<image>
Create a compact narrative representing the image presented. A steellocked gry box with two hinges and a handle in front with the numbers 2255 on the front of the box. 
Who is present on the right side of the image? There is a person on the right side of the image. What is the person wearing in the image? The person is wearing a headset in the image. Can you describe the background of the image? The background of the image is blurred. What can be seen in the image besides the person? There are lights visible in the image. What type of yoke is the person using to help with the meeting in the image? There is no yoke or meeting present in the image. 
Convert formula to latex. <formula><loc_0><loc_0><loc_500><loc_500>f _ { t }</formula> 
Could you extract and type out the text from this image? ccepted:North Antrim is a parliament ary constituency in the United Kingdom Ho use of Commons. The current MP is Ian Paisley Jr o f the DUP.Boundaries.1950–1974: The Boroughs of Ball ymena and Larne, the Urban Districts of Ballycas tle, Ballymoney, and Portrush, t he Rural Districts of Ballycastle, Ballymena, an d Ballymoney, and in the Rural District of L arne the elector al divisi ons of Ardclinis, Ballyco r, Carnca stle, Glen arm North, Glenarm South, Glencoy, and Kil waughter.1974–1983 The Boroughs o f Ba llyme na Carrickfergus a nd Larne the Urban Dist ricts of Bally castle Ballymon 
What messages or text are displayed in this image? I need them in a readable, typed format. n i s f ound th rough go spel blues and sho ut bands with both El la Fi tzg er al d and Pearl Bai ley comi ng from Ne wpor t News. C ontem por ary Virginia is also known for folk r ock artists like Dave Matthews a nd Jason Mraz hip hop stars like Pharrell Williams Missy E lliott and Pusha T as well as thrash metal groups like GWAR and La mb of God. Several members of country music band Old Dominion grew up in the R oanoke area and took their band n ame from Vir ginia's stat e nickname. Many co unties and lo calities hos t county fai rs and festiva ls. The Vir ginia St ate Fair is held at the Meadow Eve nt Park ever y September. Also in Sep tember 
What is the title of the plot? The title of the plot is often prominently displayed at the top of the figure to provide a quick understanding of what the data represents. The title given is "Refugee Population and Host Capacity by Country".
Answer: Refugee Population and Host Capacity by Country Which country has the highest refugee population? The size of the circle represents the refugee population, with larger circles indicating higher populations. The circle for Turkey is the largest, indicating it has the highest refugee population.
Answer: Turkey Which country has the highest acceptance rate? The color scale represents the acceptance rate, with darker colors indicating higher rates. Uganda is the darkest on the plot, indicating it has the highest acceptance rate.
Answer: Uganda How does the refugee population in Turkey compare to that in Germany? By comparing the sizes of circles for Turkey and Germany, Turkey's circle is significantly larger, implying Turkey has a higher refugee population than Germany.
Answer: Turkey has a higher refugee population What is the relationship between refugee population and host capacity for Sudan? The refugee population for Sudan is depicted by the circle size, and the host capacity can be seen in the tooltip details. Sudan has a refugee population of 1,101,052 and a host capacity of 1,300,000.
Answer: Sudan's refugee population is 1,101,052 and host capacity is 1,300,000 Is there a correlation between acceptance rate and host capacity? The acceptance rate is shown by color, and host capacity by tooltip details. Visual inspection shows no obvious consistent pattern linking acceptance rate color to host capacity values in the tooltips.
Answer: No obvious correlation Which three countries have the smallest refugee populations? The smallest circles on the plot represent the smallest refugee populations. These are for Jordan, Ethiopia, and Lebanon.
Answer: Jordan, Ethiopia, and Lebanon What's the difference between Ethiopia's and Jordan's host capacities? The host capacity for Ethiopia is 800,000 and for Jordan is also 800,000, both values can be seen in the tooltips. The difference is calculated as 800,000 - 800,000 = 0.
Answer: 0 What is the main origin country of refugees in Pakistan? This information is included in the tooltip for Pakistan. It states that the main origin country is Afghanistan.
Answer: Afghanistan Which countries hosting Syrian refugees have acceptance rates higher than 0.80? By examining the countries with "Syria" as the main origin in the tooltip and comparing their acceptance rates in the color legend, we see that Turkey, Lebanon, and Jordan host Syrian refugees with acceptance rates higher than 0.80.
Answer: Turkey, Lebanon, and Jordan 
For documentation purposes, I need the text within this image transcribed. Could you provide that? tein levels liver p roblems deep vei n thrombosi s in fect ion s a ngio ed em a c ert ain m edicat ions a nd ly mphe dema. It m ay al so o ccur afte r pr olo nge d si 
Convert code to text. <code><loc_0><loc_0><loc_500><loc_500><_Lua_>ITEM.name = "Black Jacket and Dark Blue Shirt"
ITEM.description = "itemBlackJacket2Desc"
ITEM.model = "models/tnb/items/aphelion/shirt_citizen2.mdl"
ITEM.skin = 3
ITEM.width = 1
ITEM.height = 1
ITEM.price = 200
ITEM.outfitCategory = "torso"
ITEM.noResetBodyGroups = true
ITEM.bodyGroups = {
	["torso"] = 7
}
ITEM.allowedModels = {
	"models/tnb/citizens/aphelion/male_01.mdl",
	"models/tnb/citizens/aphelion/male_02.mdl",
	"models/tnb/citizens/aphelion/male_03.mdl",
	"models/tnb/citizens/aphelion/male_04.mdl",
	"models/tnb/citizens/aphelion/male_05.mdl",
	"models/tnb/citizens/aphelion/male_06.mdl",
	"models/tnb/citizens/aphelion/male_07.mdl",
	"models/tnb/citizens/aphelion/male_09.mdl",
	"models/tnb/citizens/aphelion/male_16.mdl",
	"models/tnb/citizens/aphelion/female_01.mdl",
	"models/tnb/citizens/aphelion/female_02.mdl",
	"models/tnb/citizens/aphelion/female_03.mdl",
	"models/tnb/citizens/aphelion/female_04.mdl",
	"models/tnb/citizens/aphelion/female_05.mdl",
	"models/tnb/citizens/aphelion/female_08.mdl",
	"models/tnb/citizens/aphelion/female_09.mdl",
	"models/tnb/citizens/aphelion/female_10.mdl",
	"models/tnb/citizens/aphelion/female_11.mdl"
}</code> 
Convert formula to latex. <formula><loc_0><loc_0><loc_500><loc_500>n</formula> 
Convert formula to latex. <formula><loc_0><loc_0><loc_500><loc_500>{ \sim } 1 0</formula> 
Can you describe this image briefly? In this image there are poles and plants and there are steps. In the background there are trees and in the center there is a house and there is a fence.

········

== WHAT TO PRODUCE ==
What should be returned is the run of lines from the first line of the material through the line containing "to latex. <formula><loc_0><loc_0><loc_500><loc_500>f", exact and inclusive, and nothing else.

== ANSWER SECTION ==
<image>
Create a compact narrative representing the image presented. A steellocked gry box with two hinges and a handle in front with the numbers 2255 on the front of the box. 
Who is present on the right side of the image? There is a person on the right side of the image. What is the person wearing in the image? The person is wearing a headset in the image. Can you describe the background of the image? The background of the image is blurred. What can be seen in the image besides the person? There are lights visible in the image. What type of yoke is the person using to help with the meeting in the image? There is no yoke or meeting present in the image. 
Convert formula to latex. <formula><loc_0><loc_0><loc_500><loc_500>f _ { t }</formula> 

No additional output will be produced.